Question

Q. State triangle law of vector addition. Find magnitude of resultant of two vectors

inclined at angle Ѳ. Also find the direction of resultant.​

Answer 1

Explanation:

If two vectors are represented by the sides of a triangle both in magnitude and direction taken in order, the resultant sum of the vectors is given by the closing third side of the triangle taken in the reverse order both in the magnitude and direction.

The resultant is found by adding vectors together. You can use the trig functions to find the x and y components of each vector, add them, and find the magnitude of the new vector...or, you can notice that 110° - 20° = 90°. So what you have is a 3, 4, 5 right triangle. The magnitude is 5.

Derivation of the law

Let θ be the angle between P and Q and R be the resultant vector.

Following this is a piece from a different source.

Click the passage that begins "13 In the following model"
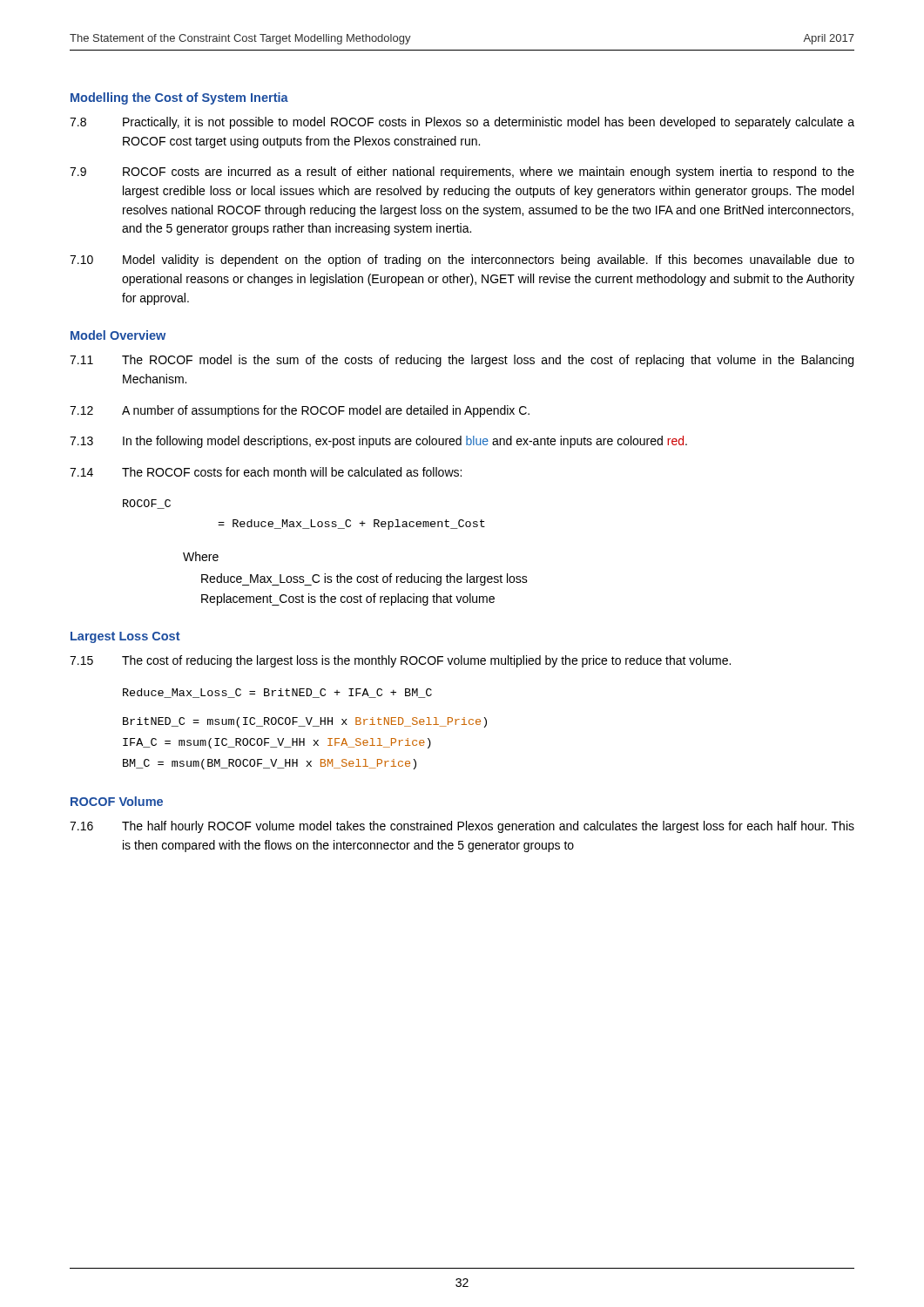The height and width of the screenshot is (1307, 924). (x=462, y=442)

Then, according to parallelogram law of vector addition, diagonal OB represents the resultant of P and Q. Now, expand A to C and draw BC perpendicular to OC. which is the magnitude of resultant.

thank you

Answer 2

Answer:

Triangle law of vector addition states that if two vectors can be represent the magnitude and direction by the two sides of a triangle take in the same order then the resultant is represented completely by the third side of the triangle taken in the in the opposite direction.

Resultant vector:  $\vec R= \vec P+ \vec Q$

Consider that two vectors P and Q represented by the sides AD and DC. Consider that R is the resultant vector of P and Q, represented by AC.

Now, from the triangle ABC (from the attached figure below), use Pythagoras theorem:

AC² = AB² + BC²                                                          ..................(1)

Now as shown in the figure AB = AD + BD

Put in equation (1) we get;

AC² = (AD + BD)² + BC²                                               ..................(2)

Now from the triangle DCB,

$cos\theta = \frac{BD}{DC}$

$BD = DC cos \theta$

$BD = Qcos \theta$

and, $sin\theta =\frac{BC}{DC}$

$BC = DC sin\theta$

$BC = Qsin\theta$

Substitute the value of BC and DB in equation (2);

R² = (P + Qcosθ)² + (Qsinθ)²

R² = P² + Q²cos²θ+ 2PQcosθ + Q²sin²θ

R² = P² + 2PQcosθ + (Q²cos²θ + Q²sin²θ)

R² = P² + 2PQcosθ + Q²(cos²θ + sin²θ)

R² = P² + 2PQcosθ + Q²

$R=\sqrt{P^2 + Q^2 + 2PQcos\theta}$

The above expression gives magnitude of resultant of two vectors inclined at angle θ.

Consider that Ф is the angle between vectors P and R.

From the triangle, ABC

$tan\phi =\frac{BC}{AB}$

$tan\phi =\frac{BC}{AD+ DB}$

Put the value of AD and DB in above equation:

$tan\phi=\frac{Qsin\theta}{P+ Q cos\theta}$

$\phi= tan^{-1}\large (\frac{Qsin\theta}{P+Qcos\theta}\large )$

The above equation will give the  the direction of resultant vector.